Der Fahrer des Lkw hielt zunächst auf dem Seitenstreifen an und fuhr dann nach rund elf Minuten weiter, ohne zuvor Feststellungen zu seiner Person und seinem Fahrzeug ermöglicht zu haben. Der gesamte Unfallhergang wurde auf der am Unfallort installierten Verkehrsbeeinflussungsanlage per Video aufgezeichnet. Das Nummernschild ließ sich aber nicht identifizieren. Am Unfalltag befuhren insgesamt drei Lkw-Gliederzüge der Beklagten, einer italienische Spedition, die A3 im Bereich der Unfallstelle. Alle drei vernommenen Fahrer gaben vor der Polizei an, nicht an einem Unfall beteiligt gewesen zu sein.

LG: Unfallbeteiligung des Beklagten-Lkw nicht bewiesen

Der Kläger behauptete, der Unfall sei von einem zur Flotte der Beklagten gehörenden Lkw verursacht worden. Der Fahrer des Lkw-Gliederzuges der Beklagten habe offenbar den Geschädigten übersehen. Er begehrte 50% des erlittenen Schadens. Das Landgericht wies die Klage mit der Begründung ab, der Kläger könne nicht beweisen, dass der unfallbeteiligte Lkw zur Beklagten gehöre. Dagegen legte der Kläger Berufung ein.

OLG: Vorgetragene Lkw-Eigenschaften lösen sekundäre Darlegungslast aus

Die Berufung hatte Erfolg. Der Kläger habe hinreichende Anhaltspunkte vorgetragen, die mit gewisser Wahrscheinlichkeit eine Haltereigenschaft der Beklagten nahelegen. Zwar habe der Kläger das amtliche Kennzeichen aufgrund der schweren Verletzungen der Pkw-Insassen und der Unfallflucht des Lkw-Fahrers nicht angeben können. Aus der Videoaufzeichnung sei aber ohne jeden Zweifel ersichtlich, dass der unfallbeteiligte Lkw die Firmenaufschrift der Beklagten trage. Auch die Heckgestaltung des unfallbeteiligten Lkw entspreche derjenigen der Lkw-Flotte der Beklagten. Dieser Vortrag habe eine sekundäre Darlegungslast der Beklagten ausgelöst. Hinsichtlich der Tatsachen, von denen der Kläger keine Kenntnis haben könne, müsse der Prozessgegner alles ihm Mögliche tun, um ihm zumutbare Angaben zu machen. Die Beklagte habe nicht einfach die klägerischen Behauptungen bestreiten dürfen. Die Beklagte sei im Rahmen des Zumutbaren verpflichtet gewesen, in ihrem Geschäftsbetrieb nachzuforschen und mitzuteilen, welche Kenntnisse sie dabei über die Umstände einer eventuellen Unfallbeteiligung - insbesondere der drei Lkw, die unstreitig am Unfalltag die Autobahn im Bereich der Unfallstelle befahren hätten - gewonnen habe.

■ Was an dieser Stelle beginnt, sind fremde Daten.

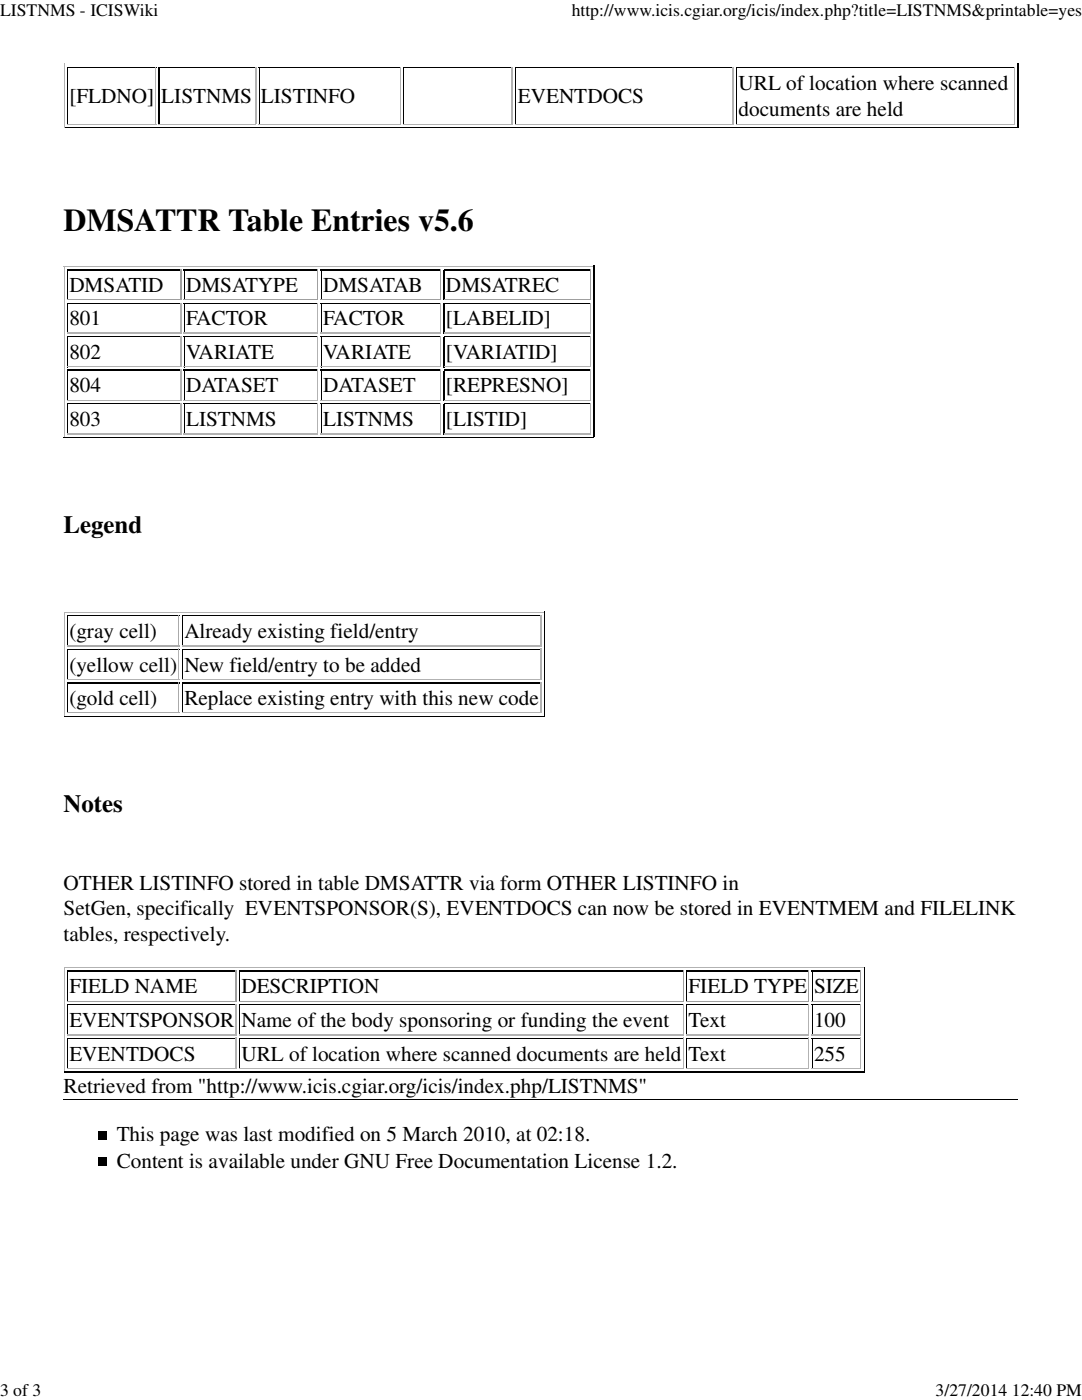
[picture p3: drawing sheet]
<svg xmlns="http://www.w3.org/2000/svg" width="216mm" height="279mm" viewBox="0 0 216 279" stroke-linecap="round" stroke-linejoin="round" font-family="sans-serif">
<defs><g id="words">
<text font-size="6.3" x="12.7" y="46.1">DMSATTR Table Entries v5.6</text>
<g font-size="5">
<text x="12.7" y="106.4">Legend</text>
<text x="12.7" y="162.1">Notes</text>
</g>
<g font-size="4.2">
<text x="147.4" y="17.9">URL of location where scanned</text>
<text x="13.8" y="20.5">[FLDNO] LISTNMS LISTINFO</text>
<text x="103.3" y="20.5">EVENTDOCS</text>
<text x="147.4" y="23.2">documents are held</text>
<text x="13.8" y="58.2">DMSATID</text>
<text x="37.1" y="58.2">DMSATYPE</text>
<text x="64.5" y="58.2">DMSATAB</text>
<text x="89" y="58.2">DMSATREC</text>
<text x="13.8" y="64.9">801</text>
<text x="37.1" y="64.9">FACTOR</text>
<text x="64.5" y="64.9">FACTOR</text>
<text x="89" y="64.9">[LABELID]</text>
<text x="13.8" y="71.6">802</text>
<text x="37.1" y="71.6">VARIATE</text>
<text x="64.5" y="71.6">VARIATE</text>
<text x="89" y="71.6">[VARIATID]</text>
<text x="13.8" y="78.3">804</text>
<text x="37.1" y="78.3">DATASET</text>
<text x="64.5" y="78.3">DATASET</text>
<text x="89" y="78.3">[REPRESNO]</text>
<text x="13.8" y="85">803</text>
<text x="37.1" y="85">LISTNMS</text>
<text x="64.5" y="85">LISTNMS</text>
<text x="89" y="85">[LISTID]</text>
<text x="13.8" y="127.3">(gray cell)</text>
<text x="36.8" y="127.3">Already existing field/entry</text>
<text x="13.8" y="134">(yellow cell) New field/entry to be added</text>
<text x="13.8" y="140.7">(gold cell)</text>
<text x="36.8" y="140.7">Replace existing entry with this new code</text>
<text x="12.7" y="177.5">OTHER LISTINFO stored in table DMSATTR via form OTHER LISTINFO in</text>
<text x="12.7" y="182.6">SetGen, specifically EVENTSPONSOR(S), EVENTDOCS can now be stored in EVENTMEM and FILELINK</text>
<text x="12.7" y="187.7">tables, respectively.</text>
<text x="13.8" y="198.2">FIELD NAME</text>
<text x="48.2" y="198.2">DESCRIPTION</text>
<text x="137.4" y="198.2">FIELD TYPE SIZE</text>
<text x="13.8" y="204.9">EVENTSPONSOR Name of the body sponsoring or funding the event</text>
<text x="137.4" y="204.9">Text</text>
<text x="162.4" y="204.9">100</text>
<text x="13.8" y="211.7">EVENTDOCS</text>
<text x="48.2" y="211.7">URL of location where scanned documents are held Text</text>
<text x="162.4" y="211.7">255</text>
<text x="12.7" y="218.1">Retrieved from &quot;http://www.icis.cgiar.org/icis/index.php/LISTNMS&quot;</text>
<text x="23.3" y="227.8">This page was last modified on 5 March 2010, at 02:18.</text>
<text x="23.3" y="233.1">Content is available under GNU Free Documentation License 1.2.</text>
</g>
<g font-size="3.5">
<text x="0" y="3.2">LISTNMS - ICISWiki</text>
<text x="114.1" y="3.2">http://www.icis.cgiar.org/icis/index.php?title=LISTNMS&amp;printable=yes</text>
<text x="0" y="278.5">3 of 3</text>
<text x="186.7" y="278.5">3/27/2014 12:40 PM</text>
</g>
</g></defs>
<path d="M31.8 13.5v11.3M203.1 12.7v12.9M118.4 53v34.2" fill="none" stroke="#000" stroke-width=".21"/>
<g fill="none" stroke="#000" stroke-width=".2">
<path d="M13.4 13.5h17.8M13.5 13.5v11.3M31.7 13.5h19.4M51.6 13.5h28.4M51.7 13.5v11.3M80.5 13.5h21.9M80.6 13.5v11.3M102.9 13.5h43.5M103 13.5v11.3M146.9 13.5h55.6M147 13.5v11.3M12.8 25.5h190.2"/>
<path d="M12.7 87.3h105.8"/>
</g>
<path d="M12.8 12.7v12.9M31.1 13.4v11.3M79.9 13.4v11.3M202.4 13.4v11.3M13.4 24.8h17.8M31.7 24.8h19.4M51.6 24.8h28.4M80.5 24.8h21.9M102.9 24.8h43.5M146.9 24.8h55.6M12.7 53.1h105.8M12.8 53.2v34.2" fill="none" stroke="#b2b2b2" stroke-width=".2"/>
<path d="M51 13.4v11.3M102.3 13.4v11.3M146.3 13.4v11.3" fill="none" stroke="#b2b2b2" stroke-width=".21"/>
<path d="M13.4 53.7h22.8v6.2h-22.8z" fill="#fff"/>
<path d="M13.4 53.8h22.8" fill="none" stroke="#000" stroke-width=".21"/>
<path d="M13.5 53.9v6" fill="none" stroke="#000" stroke-width=".2"/>
<path d="M36 53.7v6" fill="none" stroke="#9e9e9e" stroke-width=".21"/>
<path d="M13.4 59.8h22.8" fill="none" stroke="#9e9e9e" stroke-width=".2"/>
<path d="M36.7 53.7h26.8v6.2h-26.8z" fill="#fff"/>
<path d="M36.7 53.8h26.8" fill="none" stroke="#000" stroke-width=".21"/>
<path d="M36.7 53.9v6" fill="none" stroke="#000" stroke-width=".2"/>
<path d="M36.7 59.8h26.8M63.4 53.7v6" fill="none" stroke="#9e9e9e" stroke-width=".2"/>
<path d="M64 53.7h24v6.2h-24z" fill="#fff"/>
<path d="M64 53.8h24" fill="none" stroke="#000" stroke-width=".21"/>
<path d="M64.1 53.9v6" fill="none" stroke="#000" stroke-width=".2"/>
<path d="M64 59.8h24M87.9 53.7v6" fill="none" stroke="#9e9e9e" stroke-width=".2"/>
<path d="M88.5 53.7h29.3v6.2h-29.3z" fill="#fff"/>
<path d="M88.5 53.8h29.3M88.6 53.9v6M13.4 73.9h22.8M36.7 73.9h26.8M64 73.9h24M88.5 73.9h29.3M88.6 60.6v6M88.6 67.3v6M88.6 74v6M88.6 80.7v6" fill="none" stroke="#000" stroke-width=".21"/>
<path d="M88.5 59.8h29.3M117.7 53.7v6" fill="none" stroke="#9e9e9e" stroke-width=".2"/>
<g fill="none" stroke="#000" stroke-width=".2">
<path d="M13.4 60.5h22.8M13.4 67.2h22.8M13.5 60.6v6M13.5 67.3v6M13.5 74v6M36.7 60.5h26.8M36.7 67.2h26.8M36.7 60.6v6M36.7 67.3v6M36.7 74v6M64 60.5h24M64 67.2h24"/>
<path d="M64.1 60.6v6M64.1 67.3v6M64.1 74v6M88.5 60.5h29.3M88.5 67.2h29.3M13.4 80.6h22.8M13.5 80.7v6M36.7 80.6h26.8M36.7 80.7v6M64 80.6h24M64.1 80.7v6M88.5 80.6h29.3"/>
<path d="M108.6 122.1v20.8M12.7 143h96"/>
</g>
<path d="M13.4 66.5h22.8M36 60.4v6M36 67.1v6M36 73.8v6M36.7 66.5h26.8M64 66.5h24M88.5 66.5h29.3M13.4 86.6h22.8M36 80.5v6M36.7 86.6h26.8M64 86.6h24M88.5 86.6h29.3" fill="none" stroke="#b2b2b2" stroke-width=".21"/>
<g fill="none" stroke="#b2b2b2" stroke-width=".2">
<path d="M13.4 73.2h22.8M13.4 79.9h22.8M36.7 73.2h26.8M36.7 79.9h26.8M63.4 60.4v6M63.4 67.1v6M63.4 73.8v6M64 73.2h24M64 79.9h24M87.9 60.4v6M87.9 67.1v6M87.9 73.8v6"/>
<path d="M88.5 73.2h29.3M88.5 79.9h29.3M117.7 60.4v6M117.7 67.1v6M117.7 73.8v6M63.4 80.5v6M87.9 80.5v6M117.7 80.5v6M12.7 122.2h96M12.8 122.3v20.8"/>
</g>
<path d="M13.4 122.8h22.4v6.2h-22.4z" fill="#fff"/>
<path d="M13.4 122.9h22.4M13.5 123v6M36.3 122.9h71.7M36.4 123v6" fill="none" stroke="#000" stroke-width=".2"/>
<path d="M35.7 122.8v6" fill="none" stroke="#a8a8a8" stroke-width=".2"/>
<path d="M13.4 128.9h22.4" fill="none" stroke="#a8a8a8" stroke-width=".21"/>
<path d="M36.3 128.9h71.7M107.9 122.8v6" fill="none" stroke="#b2b2b2" stroke-width=".21"/>
<path d="M13.4 129.5h22.4v6.2h-22.4z" fill="#fff"/>
<path d="M13.4 129.6h22.4M13.5 129.7v6M36.3 129.6h71.7M36.4 129.7v6" fill="none" stroke="#000" stroke-width=".2"/>
<path d="M13.4 135.6h22.4M35.7 129.5v6M36.3 135.6h71.7" fill="none" stroke="#b2b2b2" stroke-width=".2"/>
<path d="M107.9 129.5v6" fill="none" stroke="#b2b2b2" stroke-width=".21"/>
<path d="M13.4 136.2h22.4v6.2h-22.4z" fill="#fff"/>
<path d="M13.4 136.3h22.4M36.3 136.3h71.7M12.7 213.9h159.8" fill="none" stroke="#000" stroke-width=".21"/>
<path d="M13.5 136.4v6M36.4 136.4v6M172.4 193v20.8" fill="none" stroke="#000" stroke-width=".2"/>
<path d="M35.7 136.2v6M13.4 142.3h22.4" fill="none" stroke="#a5a5a5" stroke-width=".2"/>
<path d="M107.9 136.2v6" fill="none" stroke="#b2b2b2" stroke-width=".21"/>
<path d="M36.3 142.3h71.7M12.7 193.1h159.8M12.8 193.2v20.8" fill="none" stroke="#b2b2b2" stroke-width=".2"/>
<path d="M13.4 193.7h33.8v6.2h-33.8z" fill="#fff"/>
<path d="M13.4 193.8h33.8" fill="none" stroke="#000" stroke-width=".21"/>
<path d="M13.5 193.9v6" fill="none" stroke="#000" stroke-width=".2"/>
<path d="M47.1 193.7v6" fill="none" stroke="#9e9e9e" stroke-width=".21"/>
<path d="M13.4 199.8h33.8" fill="none" stroke="#9e9e9e" stroke-width=".2"/>
<path d="M47.7 193.7h88.7v6.2h-88.7z" fill="#fff"/>
<path d="M47.7 193.8h88.7" fill="none" stroke="#000" stroke-width=".21"/>
<path d="M47.8 193.9v6" fill="none" stroke="#000" stroke-width=".2"/>
<path d="M47.7 199.8h88.7M136.3 193.7v6" fill="none" stroke="#9e9e9e" stroke-width=".2"/>
<path d="M136.9 193.7h24.6v6.2h-24.6z" fill="#fff"/>
<path d="M136.9 193.8h24.6" fill="none" stroke="#000" stroke-width=".21"/>
<path d="M137 193.9v6" fill="none" stroke="#000" stroke-width=".2"/>
<path d="M136.9 199.8h24.6M161.4 193.7v6" fill="none" stroke="#9e9e9e" stroke-width=".2"/>
<path d="M162 193.7h9.8v6.2h-9.8z" fill="#fff"/>
<path d="M162 193.8h9.8" fill="none" stroke="#000" stroke-width=".21"/>
<g fill="none" stroke="#000" stroke-width=".2">
<path d="M162.1 193.9v6M13.4 200.5h33.8M13.4 207.2h33.8M13.5 200.6v6M13.5 207.3v6M47.7 200.5h88.7M47.7 207.2h88.7M47.8 200.6v6M47.8 207.3v6M136.9 200.5h24.6M136.9 207.2h24.6M137 200.6v6"/>
<path d="M137 207.3v6M162 200.5h9.8M162 207.2h9.8M162.1 200.6v6M162.1 207.3v6"/>
</g>
<path d="M162 199.8h9.8M171.7 193.7v6" fill="none" stroke="#9e9e9e" stroke-width=".2"/>
<path d="M13.4 206.5h33.8M47.1 200.4v6M47.1 207.1v6M47.7 206.5h88.7M136.9 206.5h24.6M162 206.5h9.8" fill="none" stroke="#b2b2b2" stroke-width=".21"/>
<path d="M13.4 213.2h33.8M47.7 213.2h88.7M136.3 200.4v6M136.3 207.1v6M136.9 213.2h24.6M161.4 200.4v6M161.4 207.1v6M162 213.2h9.8M171.7 200.4v6M171.7 207.1v6" fill="none" stroke="#b2b2b2" stroke-width=".2"/>
<path d="M12.7 219.5h190.5v14.8h-190.5z" fill="#fff"/>
<path d="M12.7 219.4h190.5" fill="none" stroke="#000" stroke-width=".2"/>
<path d="M19.6 225.7h1.6v1.6h-1.6zM19.6 231h1.6v1.6h-1.6z" fill="#000"/>
<use href="#words"/>
</svg>

Beklagte kam sekundärer Darlegungslast nicht ausreichend nach

Dieser Verpflichtung sei die Beklagte nicht ausreichend nachgekommen, so das OLG weiter. Die Beklagte habe insbesondere weder zum Fahrzeugtyp der drei in Frage kommenden Lkw vorgetragen noch Lichtbilder oder Fahrtenschreiberdaten vorgelegt. Sie hätte anhand der Mautdaten sowie der Daten aus dem Satellitensystem der von ihr verwendeten Automarken rekonstruieren können, welcher Lkw am Unfalltag die Unfallstelle befahren habe. Zudem hätte sie jedenfalls die Fahrtenschreiberdaten der betreffenden Lkw zu diesem Zeitpunkt sichern können. Anhand dieser Daten hätten die Zeiten der Fahrten, die Zeiten der Bereitstellung und die Ruhezeiten - damit auch eine etwaige elfminütige Pause nach dem Unfall - nachvollzogen werden können. Die Beklagte habe auch nicht bestritten, dass der in den Unfall involvierte Lkw den Firmennamen sowie die Webadresse der Beklagten auf den Hecktüren des Laderaums und unter der Frontscheibe getragen habe. Dass andere Unternehmen eine wortgleiche Firma und auch diese Webadresse nutzten, erscheine höchst unwahrscheinlich.

OLG Frankfurt a. M., Urteil vom 31.03.2020 - 13 U 226/15

Redaktion beck-aktuell, 20. April 2020.